Hold ikke dig selv for viis, frygt HERREN og vig fra det onde;
8 Het zal een medicijn voor uw navel zijn, en een bevochtiging voor uw beenderen.
så får du Helse for Legemet, Lindring for dine Ledemod.
9 Vereer den HEERE van uw goed, en van de eerstelingen al uwer inkomsten;
Ær med din Velstand HERREN med Førstegrøden af al din Avl;
10 Zo zullen uw schuren met overvloed vervuld worden, en uw perskuipen van most overlopen.
da fyldes dine Lader med Korn, dine Perser svømmer over af Most.
11 Mijn zoon! verwerp de tucht des HEEREN niet, en wees niet verdrietig over Zijn kastijding;
Min Søn, lad ej hånt om HERRENs Tugt, vær ikke ked af hans Revselse;
12 Want de HEERE kastijdt dengene, dien Hij liefheeft, ja, gelijk een vader den zoon, in denwelken hij een welbehagen heeft.
HERREN revser den, han elsker, han straffer den Søn, han har kær.
13 Welgelukzalig is de mens, die wijsheid vindt, en de mens, die verstandigheid voortbrengt!
Lykkelig den, der har opnået Visdom, den, der vinder sig Indsigt;
14 Want haar koophandel is beter dan de koophandel van zilver, en haar inkomst dan het uitgegraven goud.
thi den er bedre at købe end Sølv, bedre at vinde end Guld;
15 Zij is kostelijker dan robijnen en al; wat u lusten mag, is met haar niet te vergelijken.
den er mere værd end Perler, ingen Klenodier opvejer den;
16 Langheid der dagen is in haar rechterhand, in haar linkerhand rijkdom en eer.
en Række af Dage er i dens højre, i dens venstre Rigdom og Ære;
17 Haar wegen zijn wegen der liefelijkheid, en al haar paden vrede.
dens Veje er liflige Veje, og alle dens Stier er Lykke;
18 Zij is een boom des levens dengenen, die ze aangrijpen, en elkeen, die ze vasthoudt, wordt gelukzalig.
den er et Livets Træ for dem, der griber den, lykkelig den, som holder den fast!
19 De HEERE heeft de aarde door wijsheid gegrond, de hemelen door verstandigheid bereid.
HERREN grundlagde Jorden med Visdom, grundfæsted Himlen med Indsigt;
20 Door Zijn wetenschap zijn de afgronden gekloofd, en de wolken druipen dauw.
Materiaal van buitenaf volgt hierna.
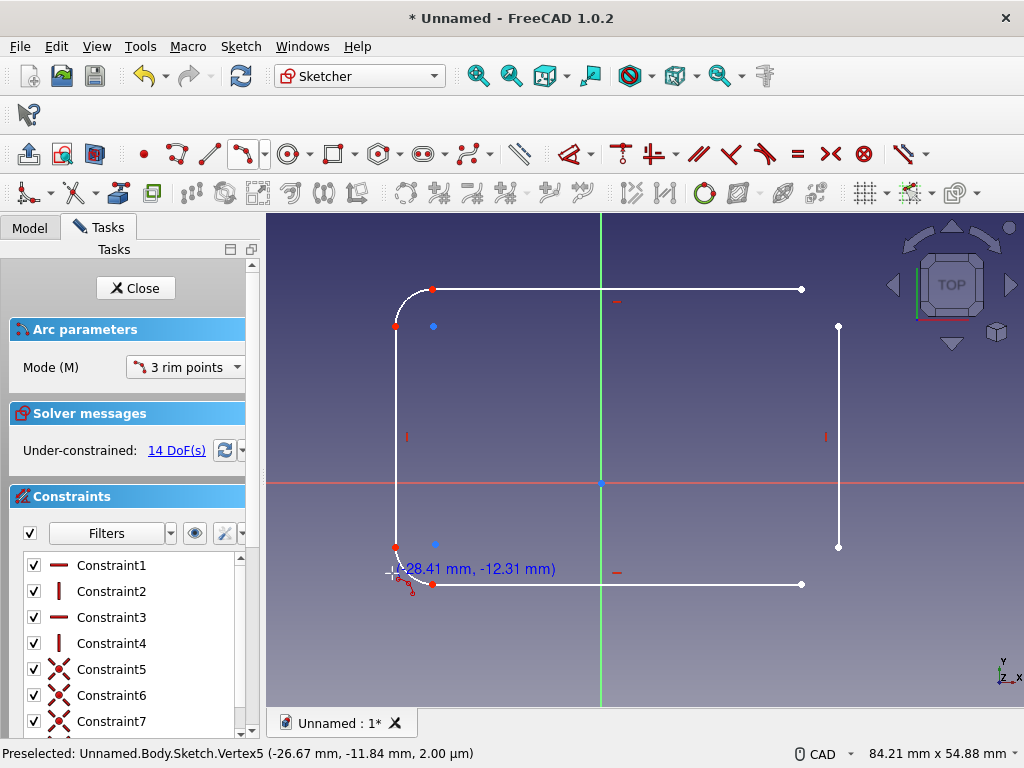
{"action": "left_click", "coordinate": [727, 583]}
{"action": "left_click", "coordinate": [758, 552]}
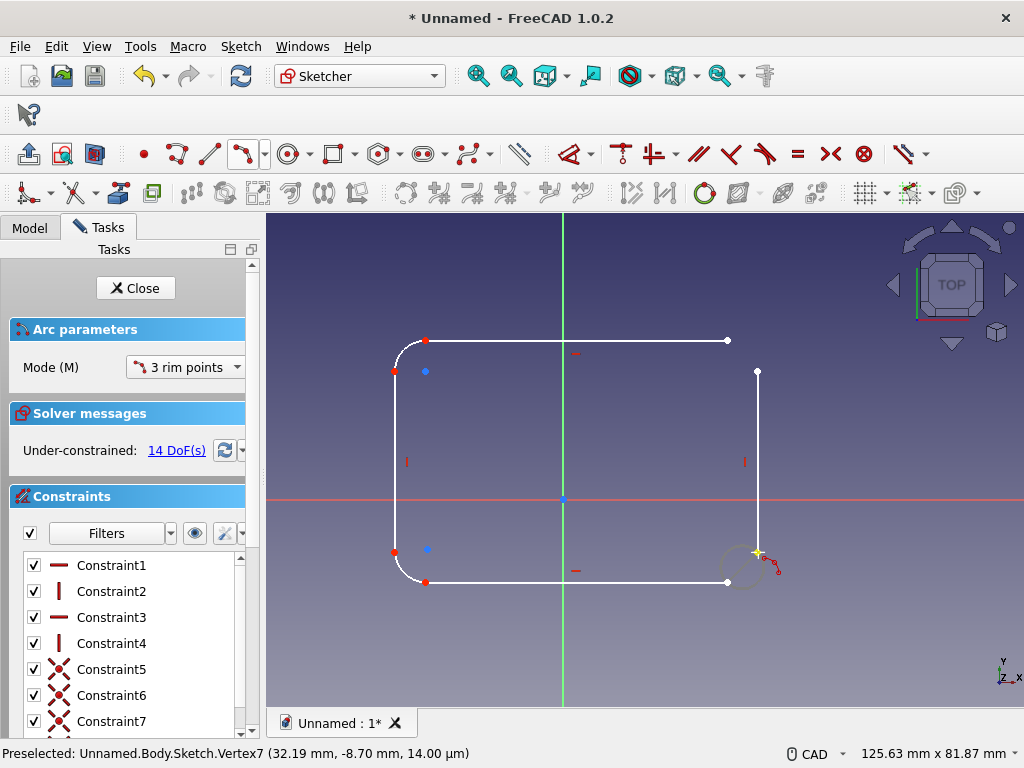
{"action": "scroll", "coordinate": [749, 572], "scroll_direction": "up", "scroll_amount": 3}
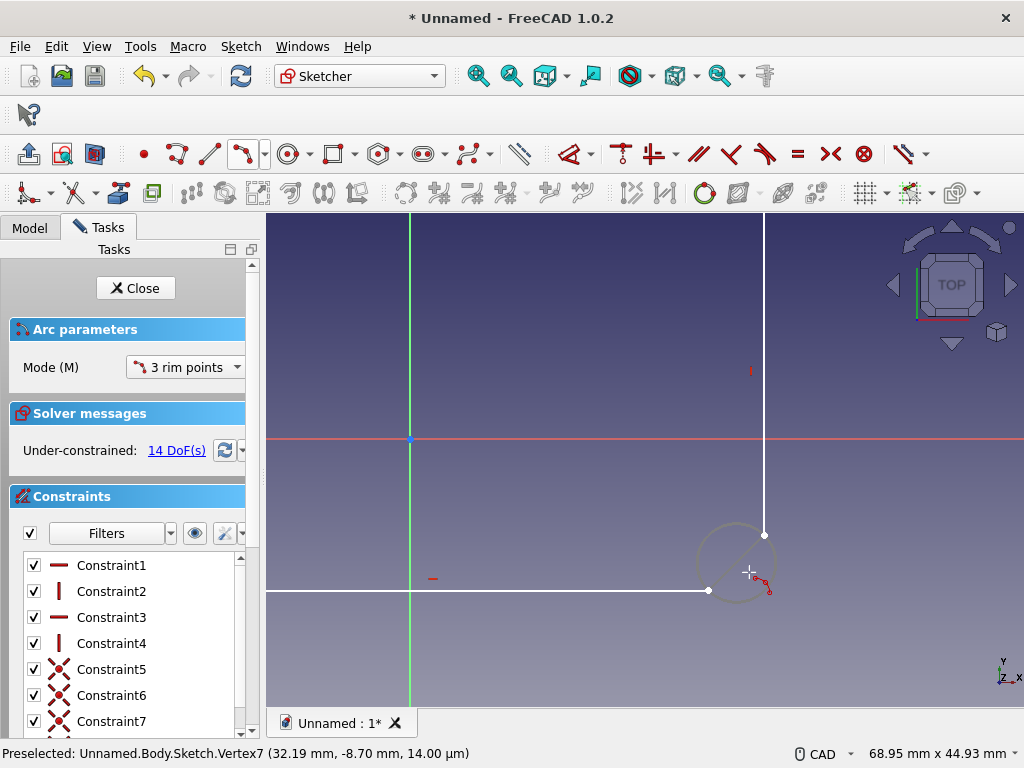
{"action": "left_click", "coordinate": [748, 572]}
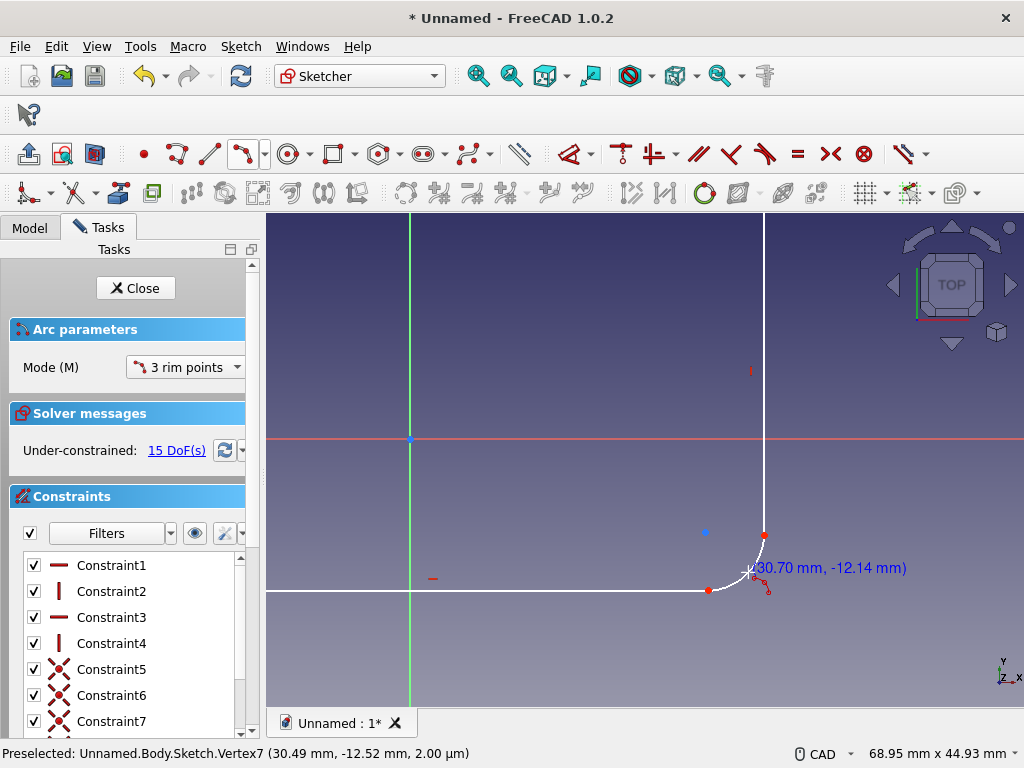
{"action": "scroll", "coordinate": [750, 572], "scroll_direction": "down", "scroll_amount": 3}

ved hans Kundskab brød Strømmene frem, lader Skyerne Dug dryppe ned.
21 Mijn zoon! laat ze niet afwijken van uw ogen; bewaar de bestendige wijsheid en bedachtzaamheid.
Min Søn, tag Vare på Snilde og Kløgt, de slippe dig ikke af Syne;
22 Want zij zullen het leven voor uw ziel zijn, en een aangenaamheid voor uw hals.
så bliver de Liv for din Sjæl og et yndigt Smykke til din Hals.
23 Dan zult gij uw weg zeker wandelen, en gij zult uw voet niet stoten.
Da vandrer du trygt din Vej, støder ikke imod med din Fod; -
24 Zo gij nederligt, zult gij niet schrikken; maar gij zult nederliggen en uw slaap zal zoet wezen.
sætter du dig, skal du ikke skræmmes, lægger du dig, skal din Søvn vorde sød;
25 Vrees niet voor haastigen schrik, noch voor de verwoesting der goddelozen, als zij komt.
du skal ikke frygte uventet Rædsel, Uvejret, når det kommer over gudløse;
26 Want de HEERE zal met uw hoop wezen, en Hij zal uw voet bewaren van gevangen te worden.
thi HERREN skal være din Tillid, han vogter din Fod, så den ikke hildes.
27 Onthoud het goed van zijn meesters niet, als het in het vermogen uwer hand is te doen.
Nægt ikke den trængende Hjælp, når det står i din Magt at hjælpe;
28 Zeg niet tot uw naaste: Ga heen, en kom weder, en morgen zal ik geven, dewijl het bij u is.
sig ej til din Næste: "Gå og kom igen, jeg vil give i Morgen!" - såfremt du har det.
29 Smeed geen kwaad tegen uw naaste, aangezien hij met vertrouwen bij u woont.
Tænk ikke på ondt mod din Næste, når han tillidsfuldt bor i din Nærhed.
30 Twist met een mens niet zonder oorzaak, zo hij u geen kwaad gedaan heeft.
Yp ikke Trætte med sagesløs Mand, når han ikke har voldet dig Men.
31 Zijt niet nijdig over een man des gewelds, en verkies geen van zijn wegen.
Misund ikke en Voldsmand, græm dig aldrig over hans Veje;
32 Want de afwijker is den HEERE een gruwel; maar Zijn verborgenheid is met den oprechte.
thi den falske er HERREN en Gru; mod retsindig er han fortrolig;
33 De vloek des HEEREN is in het huis des goddelozen; maar de woning der rechtvaardigen zal Hij zegenen.
i den gudløses Hus er HERRENs Forbandelse, men retfærdiges Bolig velsigner han.
34 Zekerlijk, de spotters zal Hij bespotten, maar den zachtmoedigen zal Hij genade geven.
Over for Spottere bruger han Spot, men ydmyge giver han Nåde.
35 De wijzen zullen eer beerven; maar elkeen der zotten neemt schande op zich.
De vise får Ære til Arv, men Tåber høster kun Skam.